Log on to the Server Load balancer-1 device and find that the virtual MAC address of a group of VRRP (VRID = 101) is actually mac = 0x00005e000165, which is the same as the MAC address of the mobile gateway, what is puzzling is that the configuration of the Server Load balancer device has not been changed for a year. But why does the mobile operator change the MAC address?
To avoid service impact, bind the MAC address of the mobile gateway immediately
Solution:
Bind the MAC of mobile gateway 223.1.5.1 to the g1/0/3 Port
Telnet10.10.10.12 \ log on to S5800
Interface GigabitEthernet1/0/3
Mac-address static packet -5e00-0165 vlan 5
I called the mobile operator and learned that the previous night, the mobile operator added another bras device in the data center and made the master-slave VRRP. The VRID was exactly 101, when VRRP is set up, the MAC address is not random, but from VRID 101 MAC = 2017-5e00-0165, VRID 102 MAC = 2017-5e00-0166 .......... And so on.
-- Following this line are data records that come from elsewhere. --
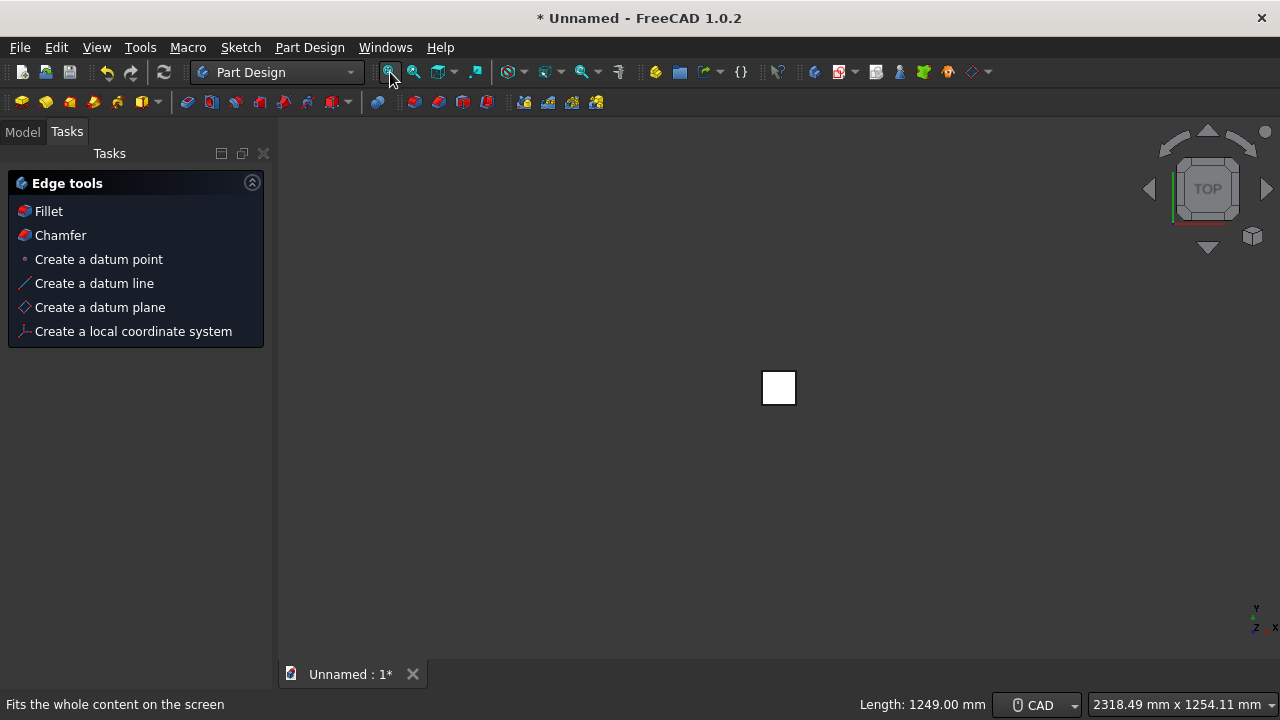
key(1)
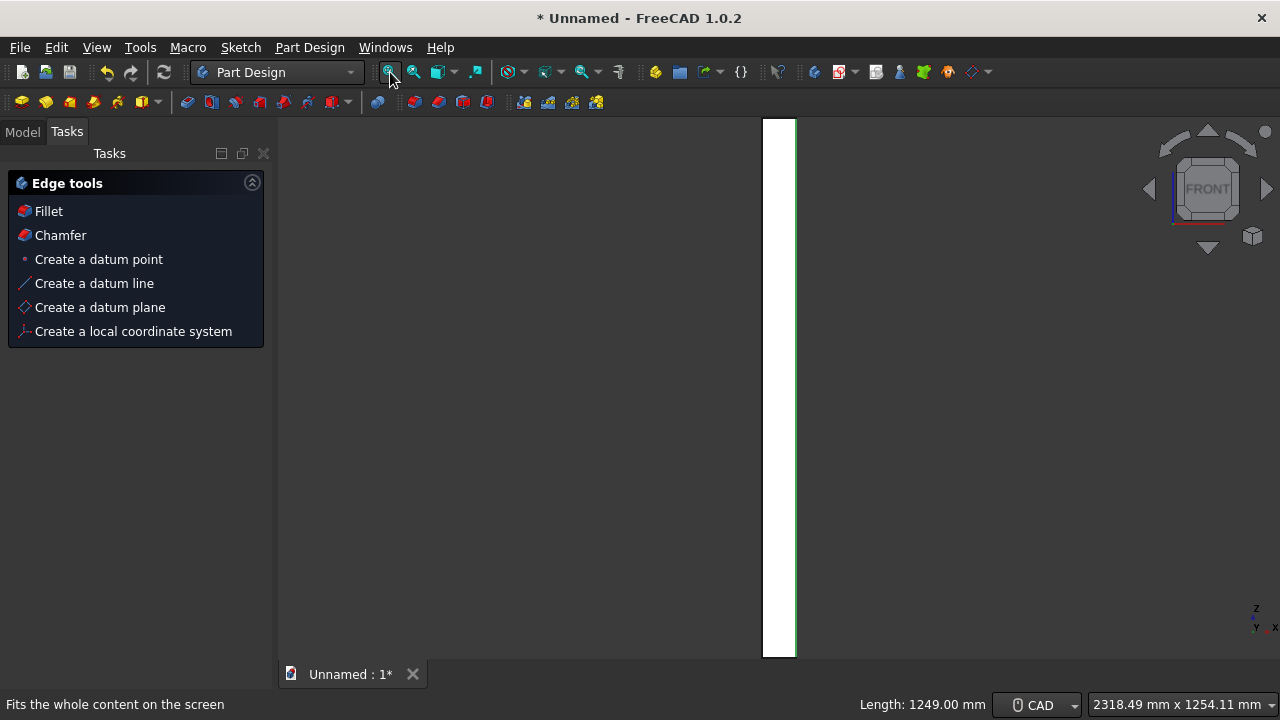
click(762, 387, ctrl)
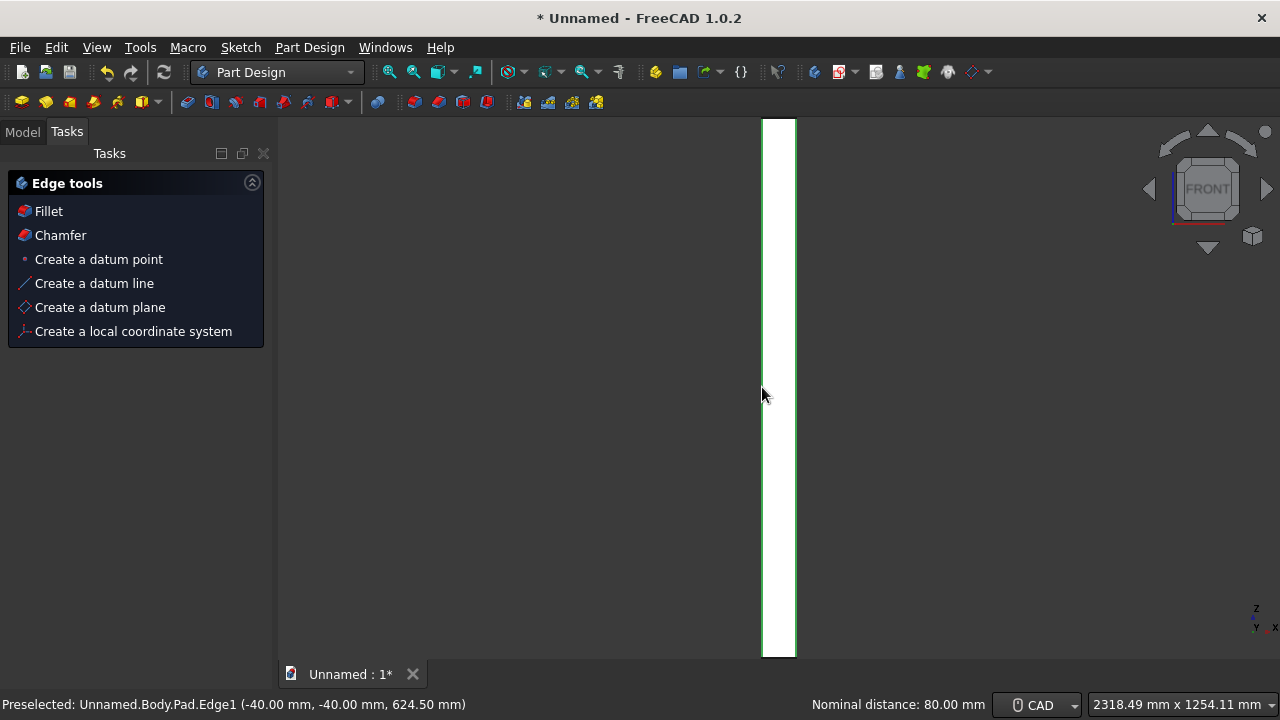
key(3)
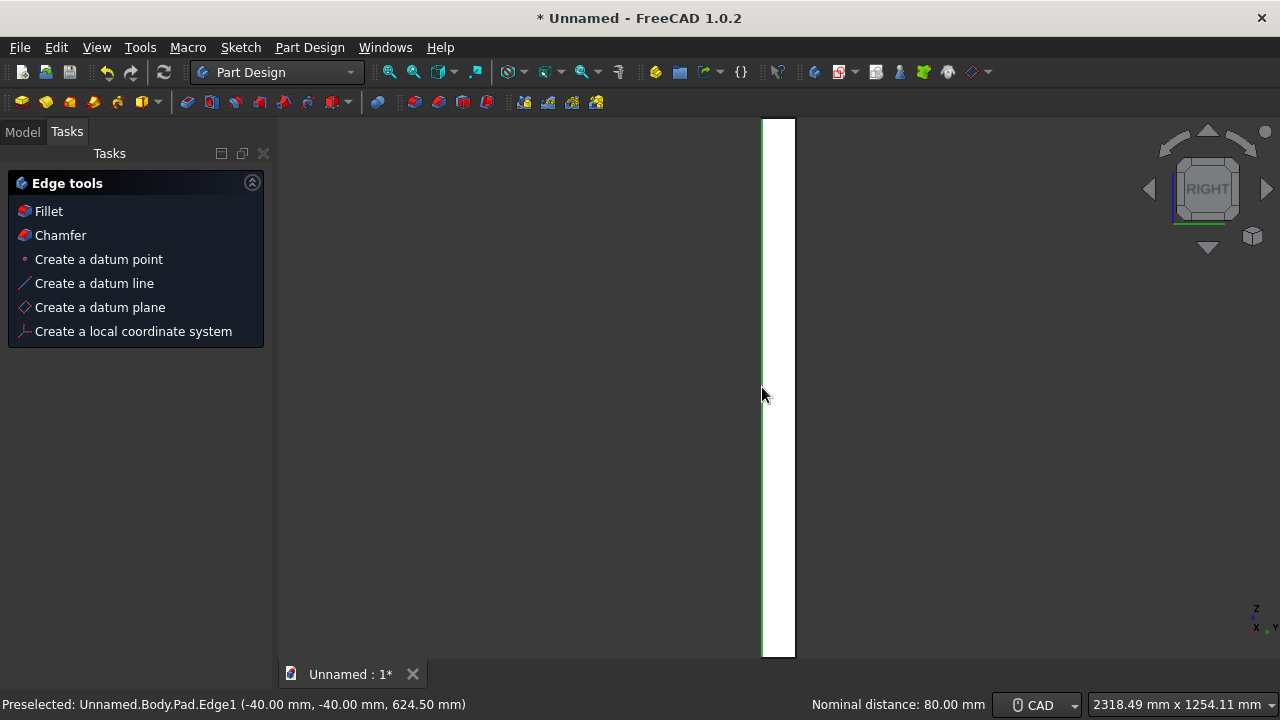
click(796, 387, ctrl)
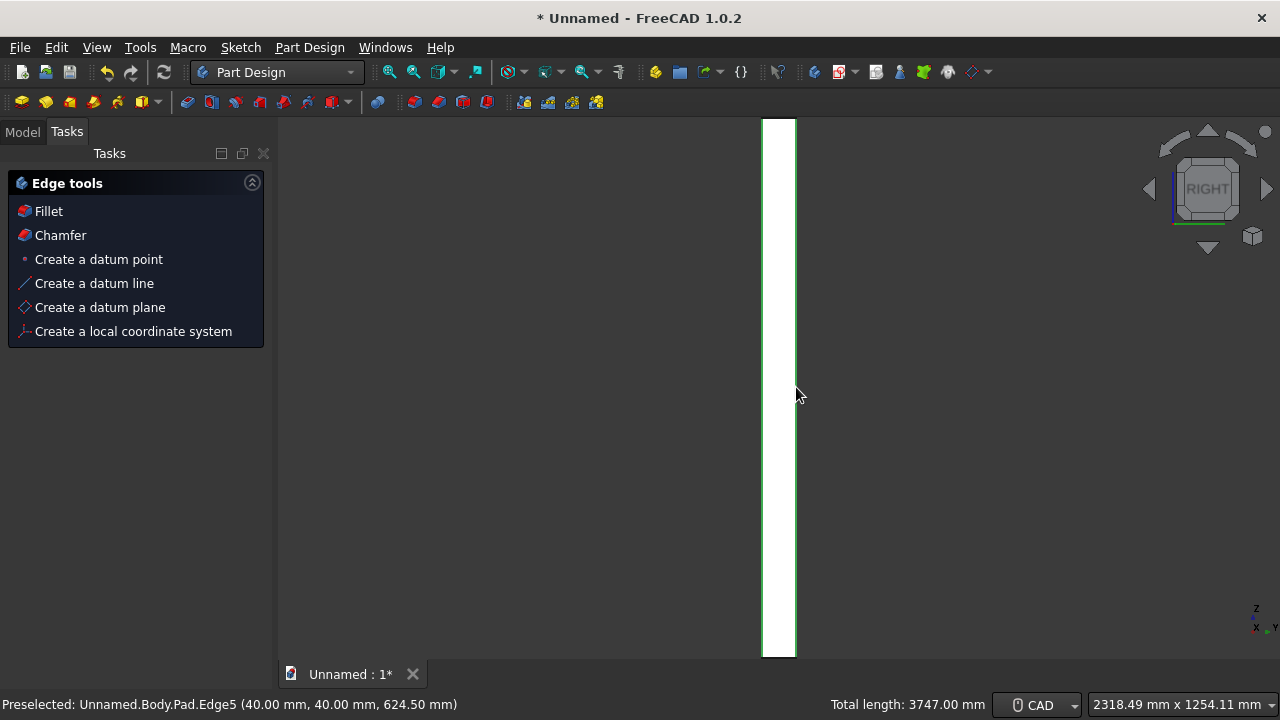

However, neither the BRAS device nor the Server Load balancer device has the vrrp method real-mac option to obtain the MAC address of the real interface, which leads to MAC address conflicts ........
Currently, many devices have VRRP hot backup, but they are not configured or do not support the real MAC address function.
Careful friends may have discovered that this is a vulnerability caused by VRRP that can affect large-scale network faults!
Some switch debugging and configuration commands are used in this article, which are hard to be found online, such as the configuration method of traffic statistics and Debugging commands in H3C hidden mode. You can learn from them.
I wrote this article to explain to my friends a network troubleshooting method, that is, the result of establishing a mathematical model based on known conditions is unique, the reason for the non-logical error is that the given known conditions are incorrect !!!